More Definitions of Agents
- "An agent is a persistent software entity dedicated to a specific purpose. " (Smith, Cypher, and Spohrer 94 )
- "Intelligent agents are software entities that carry out some set of operations on behalf of a user or another program with some degree of independence or autonomy, and in so doing, employ some knowledge or representation of the user's goals or desires." (IBM)
- "Intelligent agents continuously perform three functions: perception of dynamic conditions in the environment; action to affect conditions in the environment; and reasoning to interpret perceptions, solve problems, draw inferences, and determine actions. "(Hayes-Roth 94)
Agent vs. Program
- Size - an agent is usually smaller than a program.
- Purpose - an agent has a specific purpose while programs are multi-functional.
- Persistence - an agent's life span is not entirely dependent on a user launching and quitting it.
- Autonomy - an agent doesn't need the user's input to function.
Simple Agents
- Table-driven agents: the function consists in a lookup table of actions to be taken for every possible state of the environment.
- If the environment has n variables, each with t possible states, then the table size is tn.
- Only works for a small number of possible states for the environment.
- Simple reflex agents: deciding on the action to take based only on the current perception and not on the history of perceptions.
- Based on the condition-action rule:
(if (condition) action)
- Works if the environment is fully observable
; Table driven, Lisp version
(defun table_agent (percept)
(let ((action t))
(push percept percepts)
(setq action
(lookup percepts table))
action))
(defun reflex_agent (percept)
(let ((rule t) (state t) (action t))
(setq state (interpret percept))
(setq rule (match state))
(setq action (decision rule))
action))
# Table drives, Python version
percepts = []
table = {}
def table_agent (percept):
action = True
percepts.append(percept)
action = lookup(percepts, table)
return action
def reflex_agent (percept):
state = interpret(percept)
rule = match(state)
action = decision(rule)
return action
Model-Based Reflex Agents
- If the world is not fully observable, the agent must remember observations about the parts of the environment it cannot currently observe.

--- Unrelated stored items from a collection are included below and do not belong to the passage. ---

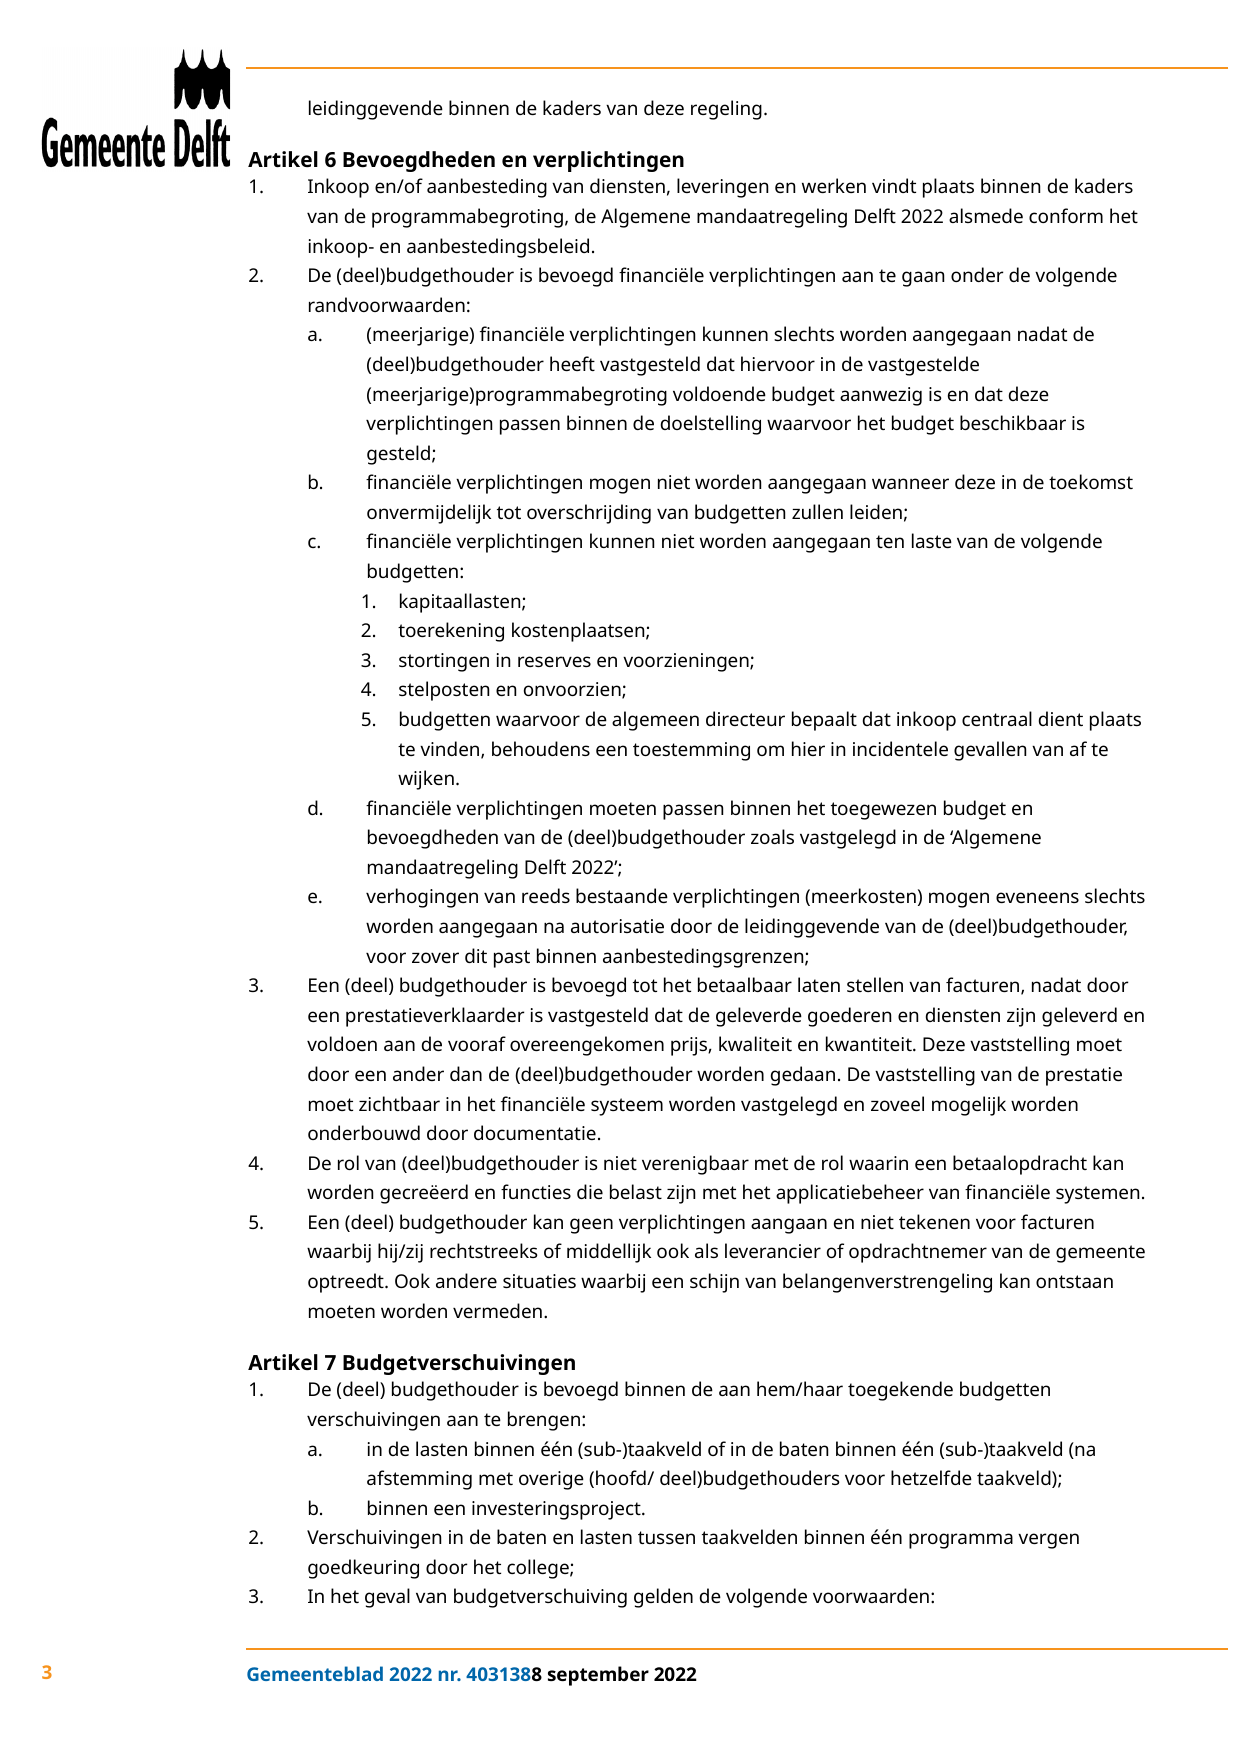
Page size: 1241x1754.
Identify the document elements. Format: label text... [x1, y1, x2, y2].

list De (deel) budgethouder is bevoegd binnen de aan hem/haar toegekende budgetten verschuivingen aan te brengen: [248, 1377, 1152, 1432]
list Inkoop en/of aanbesteding van diensten, leveringen en werken vindt plaats binnen de kaders van de programmabegroting, de Algemene mandaatregeling Delft 2022 alsmede conform het inkoop- en aanbestedingsbeleid. [248, 174, 1152, 258]
text Artikel 7 Budgetverschuivingen [248, 1348, 1152, 1377]
list binnen een investeringsproject. [307, 1495, 1152, 1521]
list De (deel)budgethouder is bevoegd financiële verplichtingen aan te gaan onder de volgende randvoorwaarden: [248, 262, 1152, 318]
list kapitaallasten; [361, 588, 1152, 613]
picture [41, 47, 231, 172]
list Een (deel) budgethouder kan geen verplichtingen aangaan en niet tekenen voor facturen waarbij hij/zij rechtstreeks of middellijk ook als leverancier of opdrachtnemer van de gemeente optreedt. Ook andere situaties waarbij een schijn van belangenverstrengeling kan ontstaan moeten worden vermeden. [248, 1209, 1152, 1323]
text Artikel 6 Bevoegdheden en verplichtingen [248, 145, 1152, 174]
list verhogingen van reeds bestaande verplichtingen (meerkosten) mogen eveneens slechts worden aangegaan na autorisatie door de leidinggevende van de (deel)budgethouder, voor zover dit past binnen aanbestedingsgrenzen; [307, 884, 1152, 968]
list stelposten en onvoorzien; [361, 677, 1152, 702]
list toerekening kostenplaatsen; [361, 617, 1152, 643]
list in de lasten binnen één (sub-)taakveld of in de baten binnen één (sub-)taakveld (na afstemming met overige (hoofd/ deel)budgethouders voor hetzelfde taakveld); [307, 1436, 1152, 1491]
list financiële verplichtingen kunnen niet worden aangegaan ten laste van de volgende budgetten: [307, 529, 1152, 584]
list leidinggevende binnen de kaders van deze regeling. [248, 95, 1152, 121]
list budgetten waarvoor de algemeen directeur bepaalt dat inkoop centraal dient plaats te vinden, behoudens een toestemming om hier in incidentele gevallen van af te wijken. [361, 706, 1152, 791]
list (meerjarige) financiële verplichtingen kunnen slechts worden aangegaan nadat de (deel)budgethouder heeft vastgesteld dat hiervoor in de vastgestelde (meerjarige)programmabegroting voldoende budget aanwezig is en dat deze verplichtingen passen binnen de doelstelling waarvoor het budget beschikbaar is gesteld; [307, 322, 1152, 466]
list Verschuivingen in de baten en lasten tussen taakvelden binnen één programma vergen goedkeuring door het college; [248, 1524, 1152, 1580]
list stortingen in reserves en voorzieningen; [361, 647, 1152, 673]
list In het geval van budgetverschuiving gelden de volgende voorwaarden: [248, 1584, 1152, 1609]
list De rol van (deel)budgethouder is niet verenigbaar met de rol waarin een betaalopdracht kan worden gecreëerd en functies die belast zijn met het applicatiebeheer van financiële systemen. [248, 1150, 1152, 1205]
list financiële verplichtingen mogen niet worden aangegaan wanneer deze in de toekomst onvermijdelijk tot overschrijding van budgetten zullen leiden; [307, 469, 1152, 525]
list Een (deel) budgethouder is bevoegd tot het betaalbaar laten stellen van facturen, nadat door een prestatieverklaarder is vastgesteld dat de geleverde goederen en diensten zijn geleverd en voldoen aan de vooraf overeengekomen prijs, kwaliteit en kwantiteit. Deze vaststelling moet door een ander dan de (deel)budgethouder worden gedaan. De vaststelling van de prestatie moet zichtbaar in het financiële systeem worden vastgelegd en zoveel mogelijk worden onderbouwd door documentatie. [248, 972, 1152, 1146]
list financiële verplichtingen moeten passen binnen het toegewezen budget en bevoegdheden van de (deel)budgethouder zoals vastgelegd in de ‘Algemene mandaatregeling Delft 2022’; [307, 795, 1152, 880]

- This usually requires an internal representation of the world (or internal state).
- Since this representation is a model of the world, we call this model-based agent.
; Reflex agents, Lisp version
(setq state t) ; the world model
(setq action nil) ; latest action
(defun model_reflex_agent (percept)
(let ((rule t))
(setq state
(update_state
state action percept))
(setq rule (match state))
(setq action (decision rule))
action))
# Reflex agents, Python version
state = True # the world model
action = False # latest action
def model_reflex_agent (percept)
state = update_state(state,
action,
percept)
rule = match(state)
action = decision(rule)
return action
Goal-Driven Agents
- The agent has a purpose and the action to be taken depends on the current state and on what it tries to accomplish (the goal).

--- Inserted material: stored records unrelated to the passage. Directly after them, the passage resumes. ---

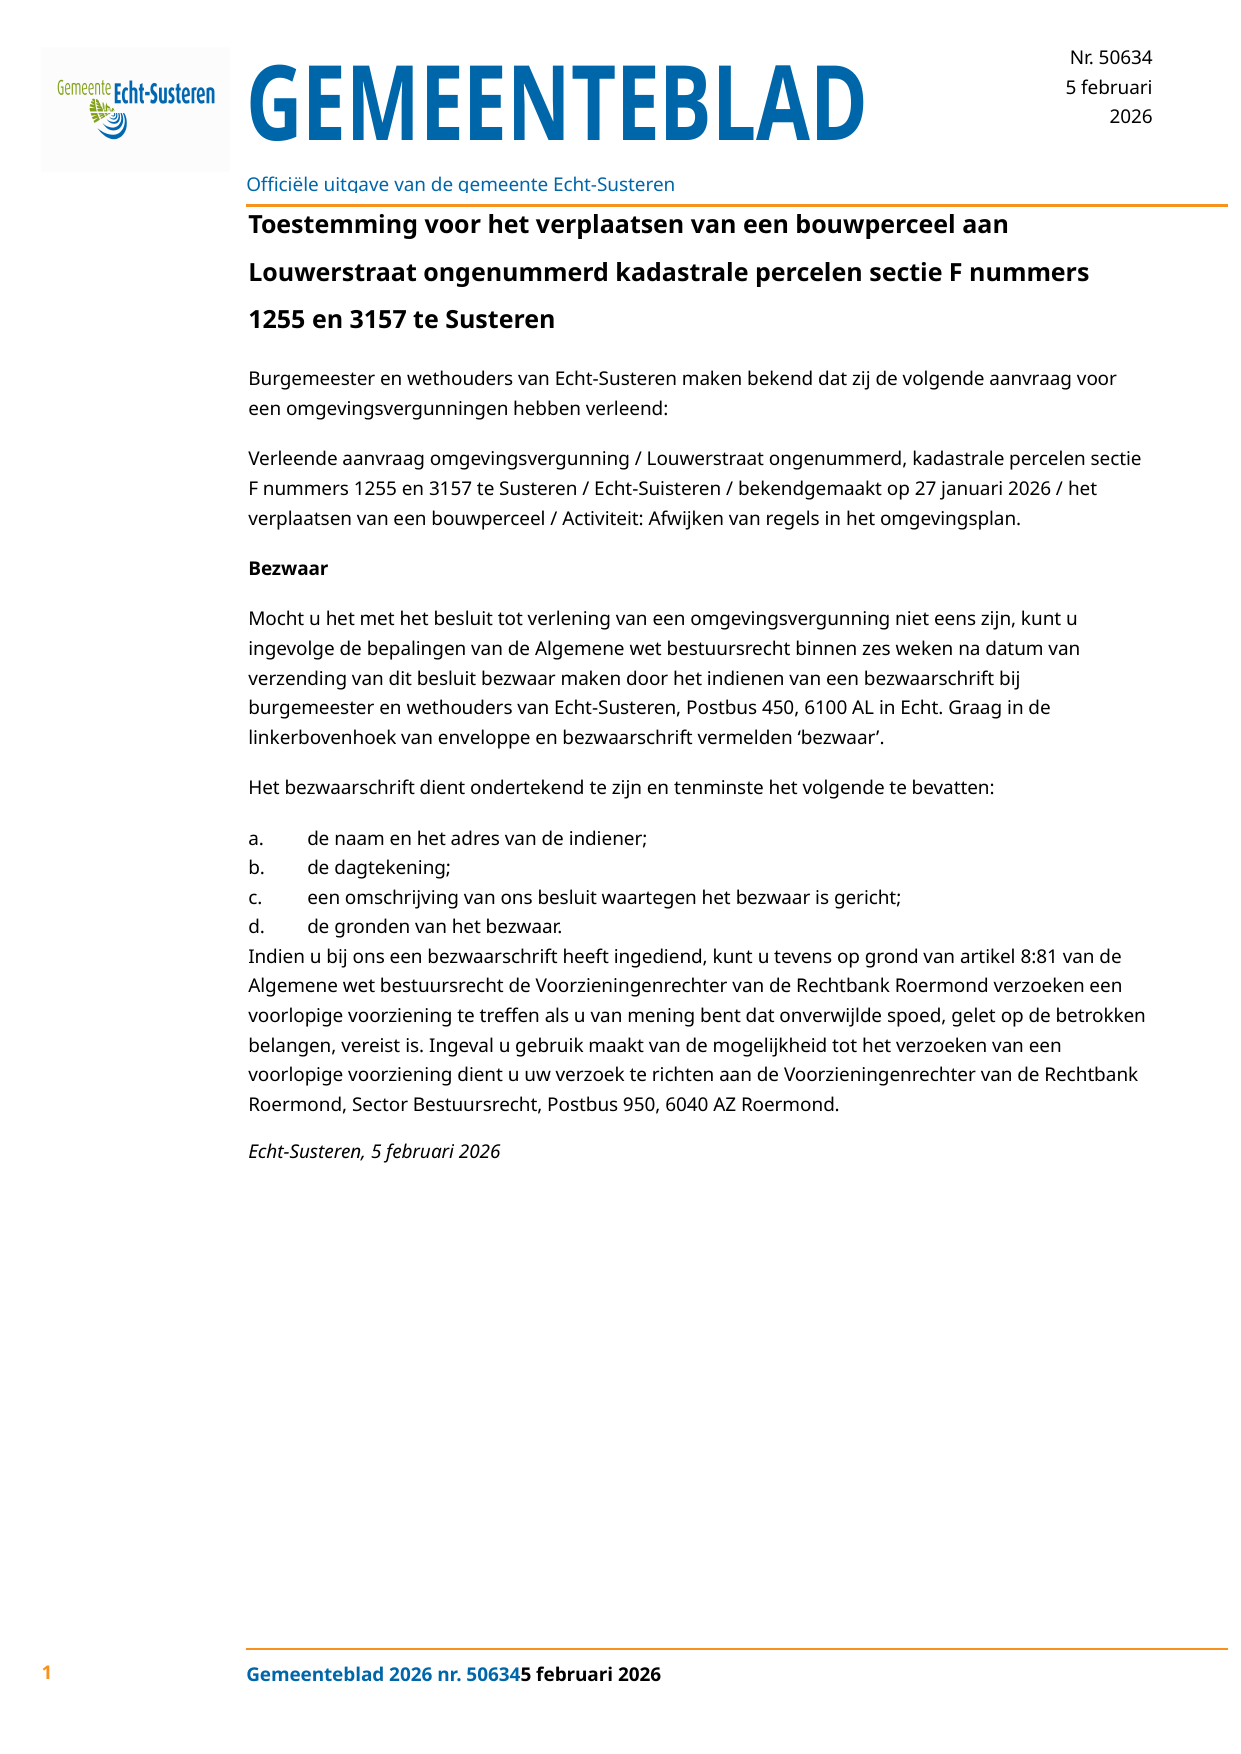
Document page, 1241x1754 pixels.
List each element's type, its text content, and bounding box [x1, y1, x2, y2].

text Verleende aanvraag omgevingsvergunning / Louwerstraat ongenummerd, kadastrale percelen sectie F nummers 1255 en 3157 te Susteren / Echt-Suisteren / bekendgemaakt op 27 januari 2026 / het verplaatsen van een bouwperceel / Activiteit: Afwijken van regels in het omgevingsplan. [248, 446, 1152, 530]
text Mocht u het met het besluit tot verlening van een omgevingsvergunning niet eens zijn, kunt u ingevolge de bepalingen van de Algemene wet bestuursrecht binnen zes weken na datum van verzending van dit besluit bezwaar maken door het indienen van een bezwaarschrift bij burgemeester en wethouders van Echt-Susteren, Postbus 450, 6100 AL in Echt. Graag in de linkerbovenhoek van enveloppe en bezwaarschrift vermelden ‘bezwaar’. [248, 606, 1152, 749]
list een omschrijving van ons besluit waartegen het bezwaar is gericht; [248, 884, 1152, 909]
picture [41, 47, 231, 172]
text Bezwaar [248, 555, 1152, 581]
list de naam en het adres van de indiener; [248, 825, 1152, 850]
text Het bezwaarschrift dient ondertekend te zijn en tenminste het volgende te bevatten: [248, 774, 1152, 800]
text Burgemeester en wethouders van Echt-Susteren maken bekend dat zij de volgende aanvraag voor een omgevingsvergunningen hebben verleend: [248, 366, 1152, 421]
list de gronden van het bezwaar. [248, 913, 1152, 939]
text Echt-Susteren, 5 februari 2026 [248, 1139, 1152, 1164]
list de dagtekening; [248, 854, 1152, 880]
text Toestemming voor het verplaatsen van een bouwperceel aan Louwerstraat ongenummerd kadastrale percelen sectie F nummers 1255 en 3157 te Susteren [248, 207, 1152, 336]
text Indien u bij ons een bezwaarschrift heeft ingediend, kunt u tevens op grond van artikel 8:81 van de Algemene wet bestuursrecht de Voorzieningenrechter van de Rechtbank Roermond verzoeken een voorlopige voorziening te treffen als u van mening bent dat onverwijlde spoed, gelet op de betrokken belangen, vereist is. Ingeval u gebruik maakt van de mogelijkheid tot het verzoeken van een voorlopige voorziening dient u uw verzoek te richten aan de Voorzieningenrechter van de Rechtbank Roermond, Sector Bestuursrecht, Postbus 950, 6040 AZ Roermond. [248, 943, 1152, 1117]

- In some cases the goal is easy to achieve. In others it involves planning, sifting through a search space for possible solutions, developing a strategy.
- Utility-based agents: the agent is aware of a utility function that estimates how close the current state is to the agent's goal.
Learning Agents
- Agents capable of acquiring new competence through observations and actions.
- Components:
- learning element (modifies the performance element)
- performance element (selects actions)
- feedback element (critic)
- exploration element (problem generator).
Other Types of Agents
- Temporarily continuous - a continuously running process,
- Communicative agent - exchanging information with other agents to complete its task.
- Mobile agent - capable of moving from one machine to another one (or from one environment to another).
- Flexible agent - whose actions are not scripted.
- Character - an agent with conversation skills, personality, and even emotional state.
Classification of agents
Agent Example
- A file manager agent.
- Sensors: commands like ls, du, pwd.
- Actuators: commands like tar, gzip, cd, rm, cp, etc.
- Purpose: compress and archive files that have not been used in a while.
- Environment: fully observable (but partially observed), deterministic (strategic), episodic, dynamic, discrete.